Yes, the part before you started using curR a step back (from 0) , you are using the initialization

`curR=1`

and`curL=1`

. right?Second thing,

`cnt[0]=1`

, chances that this idea occurs on an ongoing contest is less likely for me. Is there any drawback in looping for the first interval and then apply MO's correctly?Yes,

When I say just start a step back , I mean to say that

`currL=1 , currR = 0`

in the beginning and now start the process for MO's algorithm .If you do so , then there is no need to include the case of

`cnt[0] = 1`

. Because, when`currR < R`

for the first time in the first loop among four, you would already make`cnt[0]=1`

.For a better understanding, make a dry run :)

EDIT : No, there is no problem in making the loop for the first query, and then apply MO's algorithm , just be careful that after the first query , you have included all the prefixes from

`[L-1] to [R]`

and you have the current answer from`[L] to [R]`

.There is one thing though in the looping solution..Have you seen the code the previous user radoslav11 posted? I mean in that solution

`[l,r]--->[l-1,r]`

is converted . Then they will be added.Now in this case suppose

`[1,4]`

is given then`[0,4]`

will be conidered range. Then pref[0] will be added in the MO's structure.But pref[0] is initially 0..`cnt[0]++;`

that is`cnt[0]=1;`

so that will be 1..I don't know if people considers these small facts that doesn't affects the solution but they are happening, we can't ignore them.

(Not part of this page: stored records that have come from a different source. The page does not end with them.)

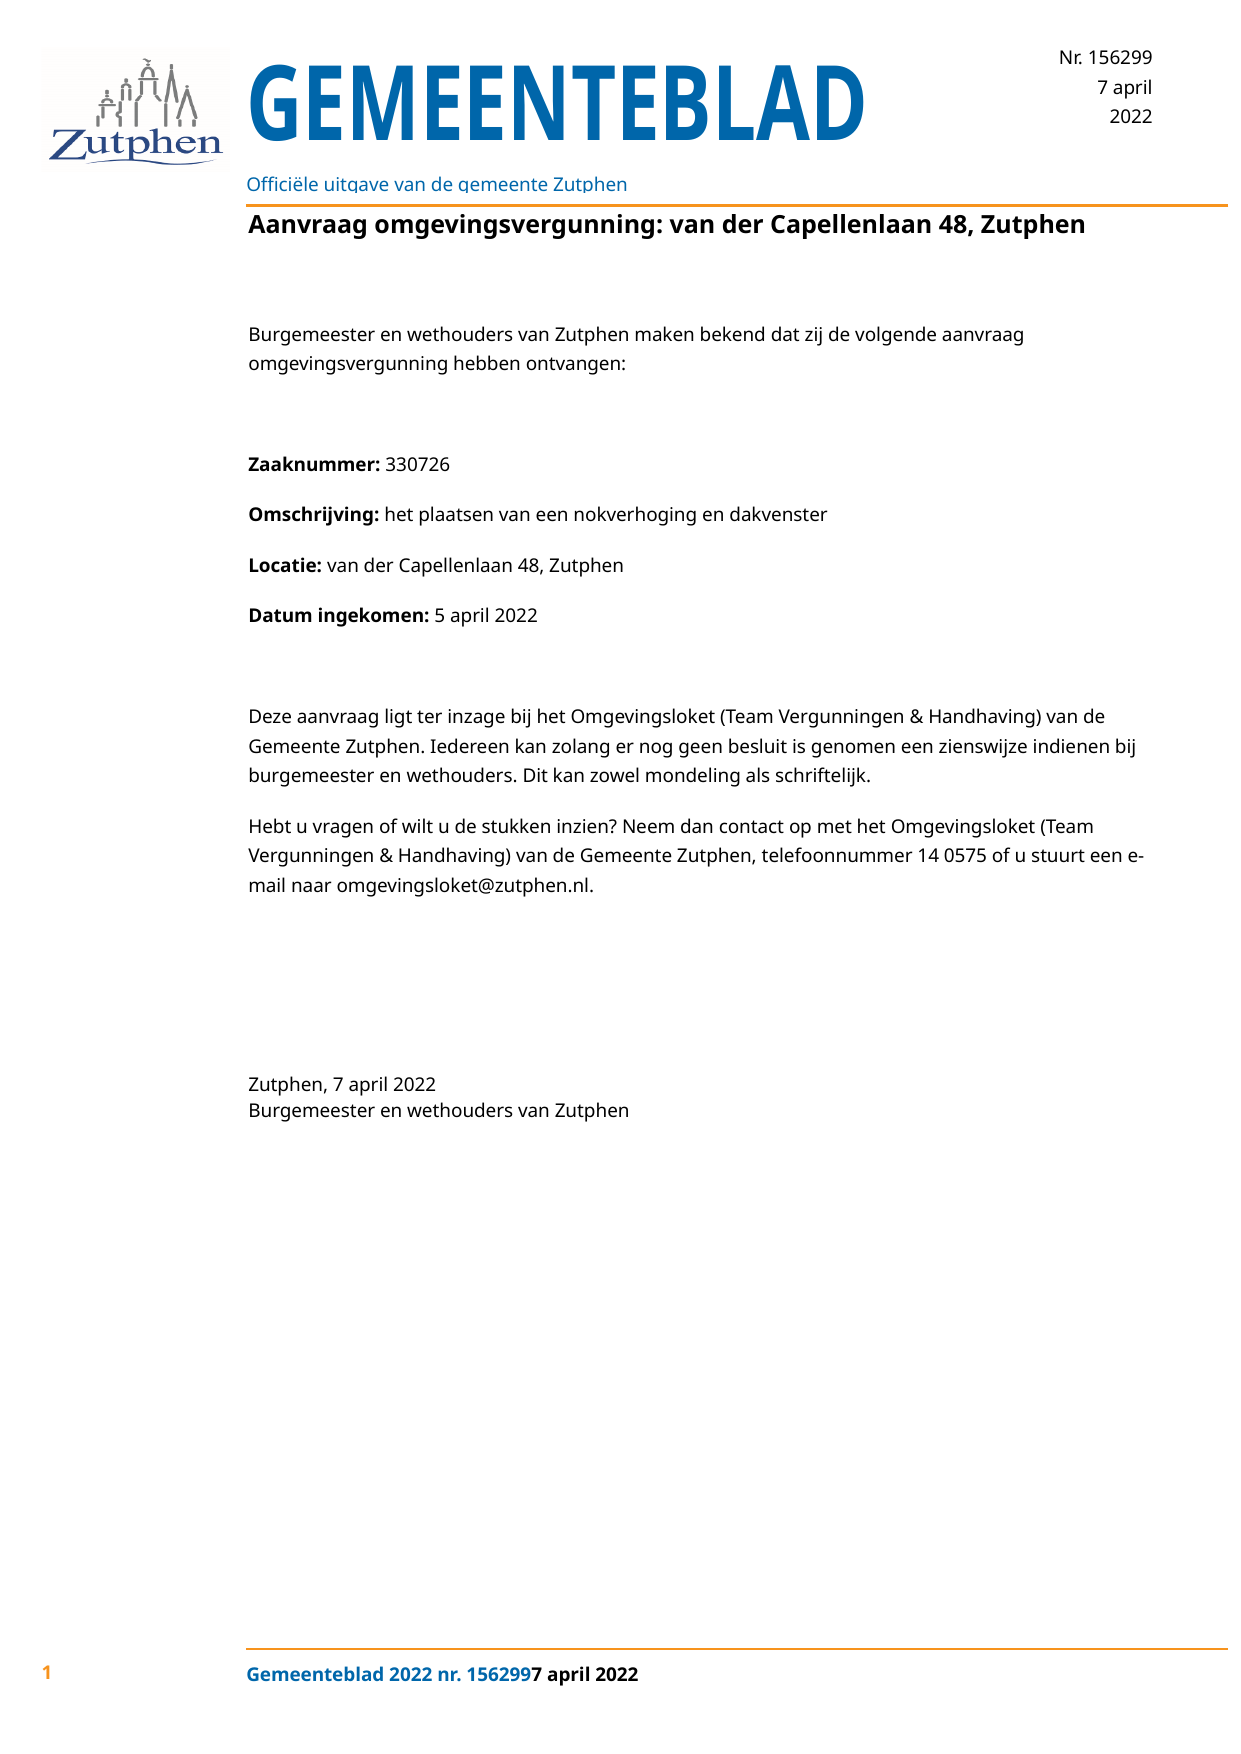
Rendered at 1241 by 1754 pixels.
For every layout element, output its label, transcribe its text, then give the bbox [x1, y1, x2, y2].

text Zaaknummer: 330726 [248, 451, 1152, 477]
picture [41, 47, 231, 172]
text Zutphen, 7 april 2022 [248, 1071, 1152, 1097]
text Deze aanvraag ligt ter inzage bij het Omgevingsloket (Team Vergunningen & Handhaving) van de Gemeente Zutphen. Iedereen kan zolang er nog geen besluit is genomen een zienswijze indienen bij burgemeester en wethouders. Dit kan zowel mondeling als schriftelijk. [248, 703, 1152, 788]
text Burgemeester en wethouders van Zutphen [248, 1097, 1152, 1122]
text Aanvraag omgevingsvergunning: van der Capellenlaan 48, Zutphen [248, 207, 1152, 241]
text Burgemeester en wethouders van Zutphen maken bekend dat zij de volgende aanvraag omgevingsvergunning hebben ontvangen: [248, 321, 1152, 376]
text Datum ingekomen: 5 april 2022 [248, 602, 1152, 628]
text Hebt u vragen of wilt u de stukken inzien? Neem dan contact op met het Omgevingsloket (Team Vergunningen & Handhaving) van de Gemeente Zutphen, telefoonnummer 14 0575 of u stuurt een e-mail naar omgevingsloket@zutphen.nl. [248, 813, 1152, 898]
text Locatie: van der Capellenlaan 48, Zutphen [248, 552, 1152, 578]
text Omschrijving: het plaatsen van een nokverhoging en dakvenster [248, 502, 1152, 527]

It all depends on your pointer movement handling. Either you want them to be 1-indexed or 0-indexed.

User radoslav11 has considered it

`0-indexed`

and storing Xor's`1-indexed.`

Thus xor[0] = 0.So, it's the same thing .

yes, so for

`[1,5]`

query we will consider`[0,5]`

right? Then if this is the 1st query what happens..it will add`pref[0]=0,`

`pref[1]=.`

. .`pref[5]=`

right? WHat does adding mean? Adding with the answer the number of occurence of`[target^value].`

and then increasing

`cnt[value]`

. so in this case value=0`cnt[0]=1`

intially..I am asking about this..why isn't this a problem? I mean we are increasing a value by 1 without any intention of doing so!!So look:

You have an subarray[L; R]

To find it's Xor you need the Xor of first L-1 elements and Xor of the first R elememts (lets call them pref[L-1] and pref[R]).

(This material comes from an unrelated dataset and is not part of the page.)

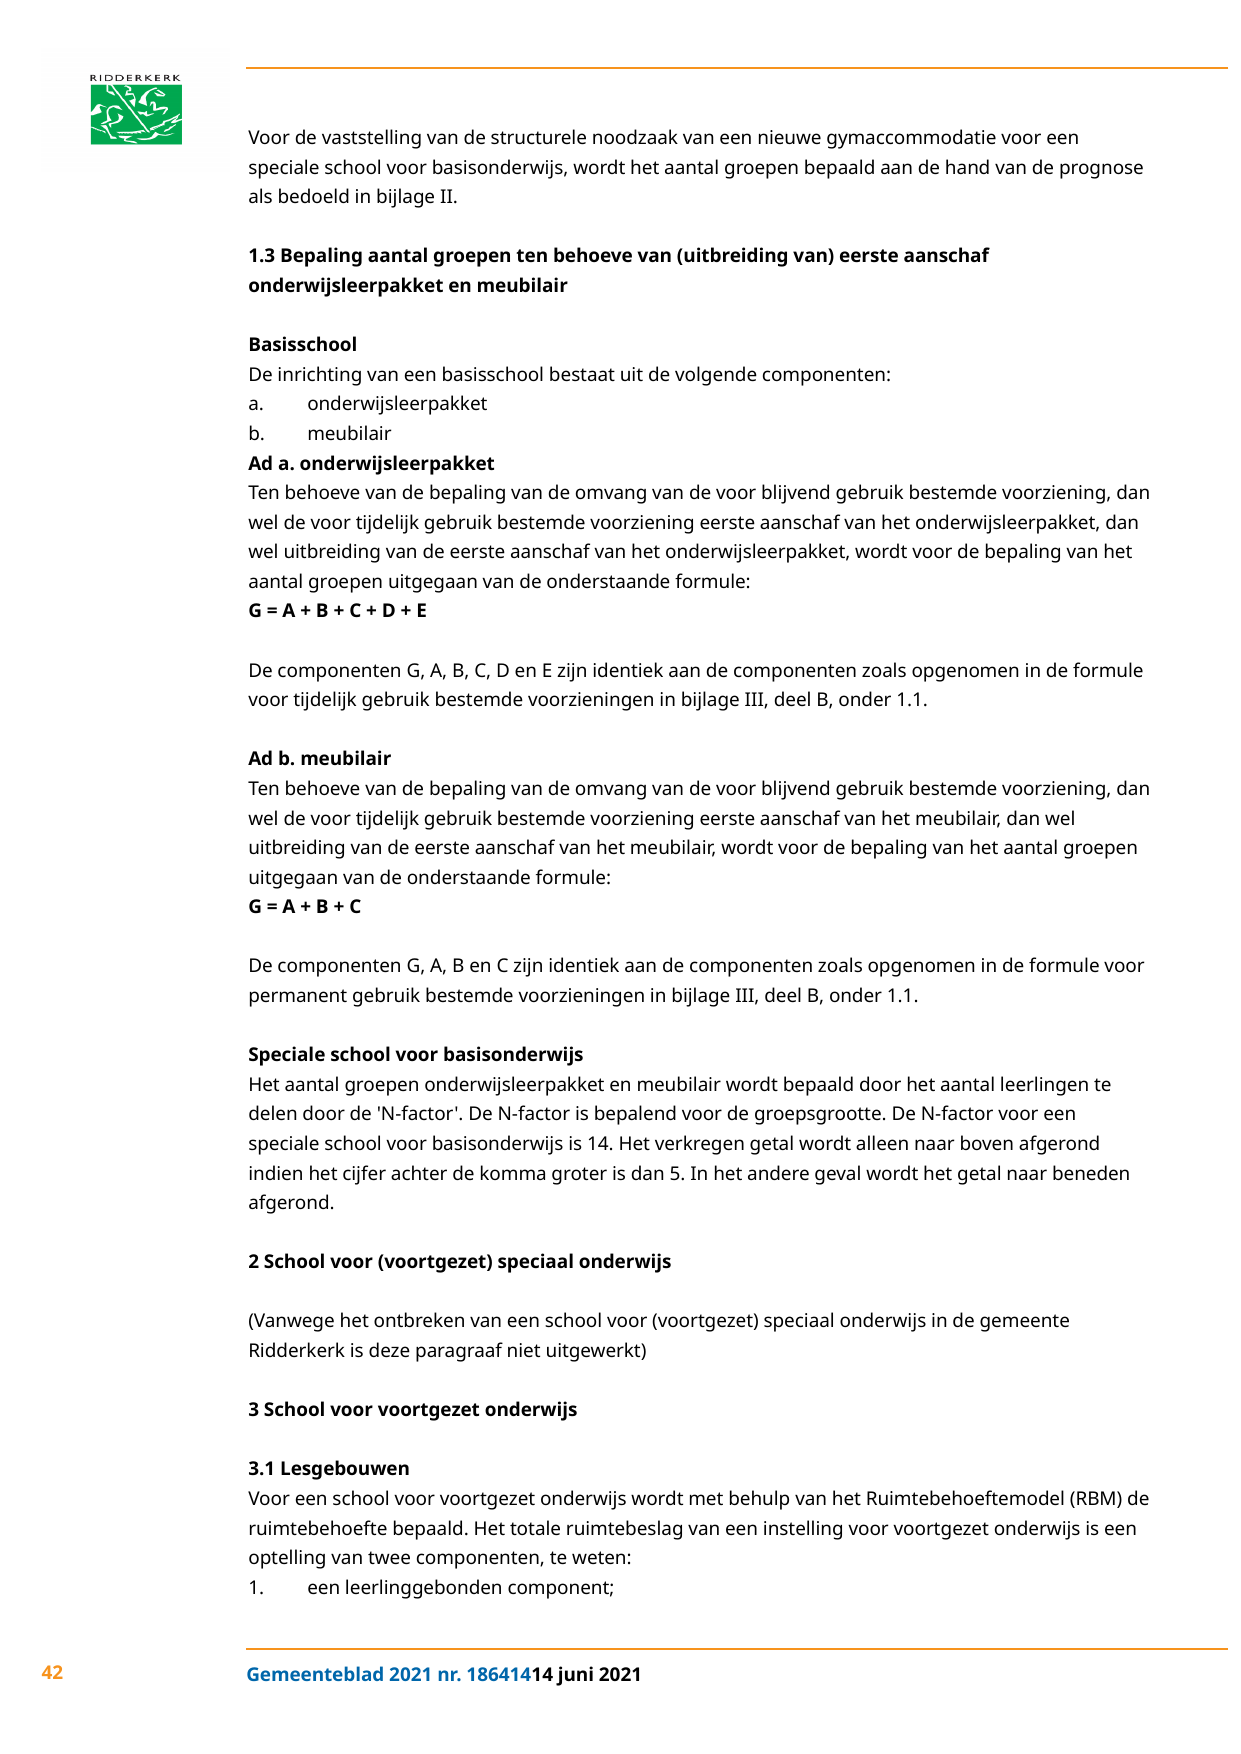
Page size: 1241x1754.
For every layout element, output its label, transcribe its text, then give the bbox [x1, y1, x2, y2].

Now lets look at the same problem but where the quert was:

Query L, R: check if Xor of elements is equal to K

The solution is simple: just find the xor of the array = pref[l-1]^pref[r] and check if its equal to K.

For that we use MO's algorithm.

You can asume that the "window" in the algorithm is a set of integers.

In our case we need to find the number of pairs in pref[L-1; R] such that their xor is equal to K.

That means that we dont really have to store the current list of integers in the "window" but we can simply store the count.

Then when we add something what happens?

We see how many integers in our "window" xor the number we add are equal to K. This is equal to the number of occurrences of the current number we add xor K.

The delete is similar but we dont inrease our answer but decrease.

So this is the solution to this task using MO's algo.